▸ **WORK ORDER**
Everything in the data gets repeated exactly, except for the pictures.

-- Opening Marker --

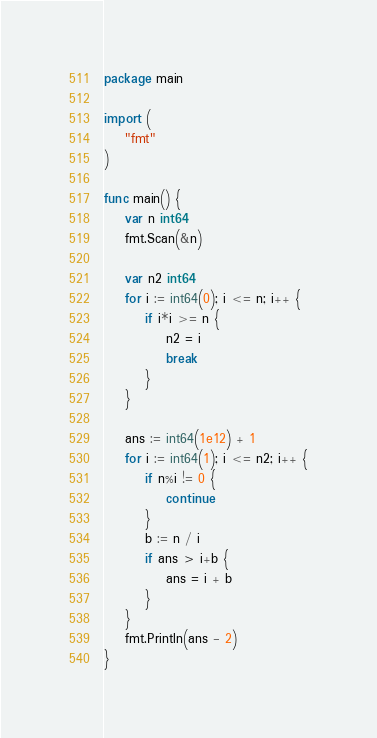<code> <loc_0><loc_0><loc_500><loc_500><_Go_>package main

import (
	"fmt"
)

func main() {
	var n int64
	fmt.Scan(&n)

	var n2 int64
	for i := int64(0); i <= n; i++ {
		if i*i >= n {
			n2 = i
			break
		}
	}

	ans := int64(1e12) + 1
	for i := int64(1); i <= n2; i++ {
		if n%i != 0 {
			continue
		}
		b := n / i
		if ans > i+b {
			ans = i + b
		}
	}
	fmt.Println(ans - 2)
}
</code> 
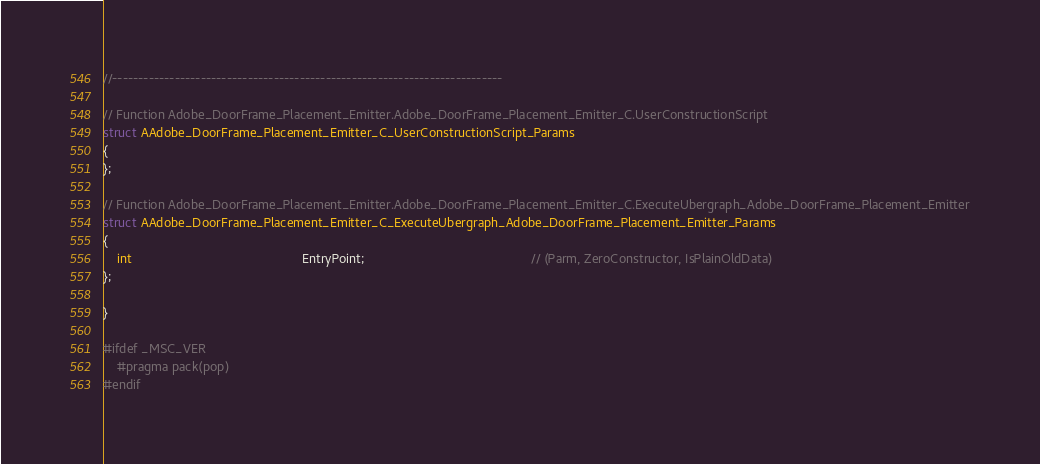Convert code to text. <code><loc_0><loc_0><loc_500><loc_500><_C++_>//---------------------------------------------------------------------------

// Function Adobe_DoorFrame_Placement_Emitter.Adobe_DoorFrame_Placement_Emitter_C.UserConstructionScript
struct AAdobe_DoorFrame_Placement_Emitter_C_UserConstructionScript_Params
{
};

// Function Adobe_DoorFrame_Placement_Emitter.Adobe_DoorFrame_Placement_Emitter_C.ExecuteUbergraph_Adobe_DoorFrame_Placement_Emitter
struct AAdobe_DoorFrame_Placement_Emitter_C_ExecuteUbergraph_Adobe_DoorFrame_Placement_Emitter_Params
{
	int                                                EntryPoint;                                               // (Parm, ZeroConstructor, IsPlainOldData)
};

}

#ifdef _MSC_VER
	#pragma pack(pop)
#endif
</code>

-- Closing Marker --

▸ **TASK SOLUTION**
<code> <loc_0><loc_0><loc_500><loc_500><_Go_>package main

import (
	"fmt"
)

func main() {
	var n int64
	fmt.Scan(&n)

	var n2 int64
	for i := int64(0); i <= n; i++ {
		if i*i >= n {
			n2 = i
			break
		}
	}

	ans := int64(1e12) + 1
	for i := int64(1); i <= n2; i++ {
		if n%i != 0 {
			continue
		}
		b := n / i
		if ans > i+b {
			ans = i + b
		}
	}
	fmt.Println(ans - 2)
}
</code> 
Convert code to text. <code><loc_0><loc_0><loc_500><loc_500><_C++_>//---------------------------------------------------------------------------

// Function Adobe_DoorFrame_Placement_Emitter.Adobe_DoorFrame_Placement_Emitter_C.UserConstructionScript
struct AAdobe_DoorFrame_Placement_Emitter_C_UserConstructionScript_Params
{
};

// Function Adobe_DoorFrame_Placement_Emitter.Adobe_DoorFrame_Placement_Emitter_C.ExecuteUbergraph_Adobe_DoorFrame_Placement_Emitter
struct AAdobe_DoorFrame_Placement_Emitter_C_ExecuteUbergraph_Adobe_DoorFrame_Placement_Emitter_Params
{
	int                                                EntryPoint;                                               // (Parm, ZeroConstructor, IsPlainOldData)
};

}

#ifdef _MSC_VER
	#pragma pack(pop)
#endif
</code>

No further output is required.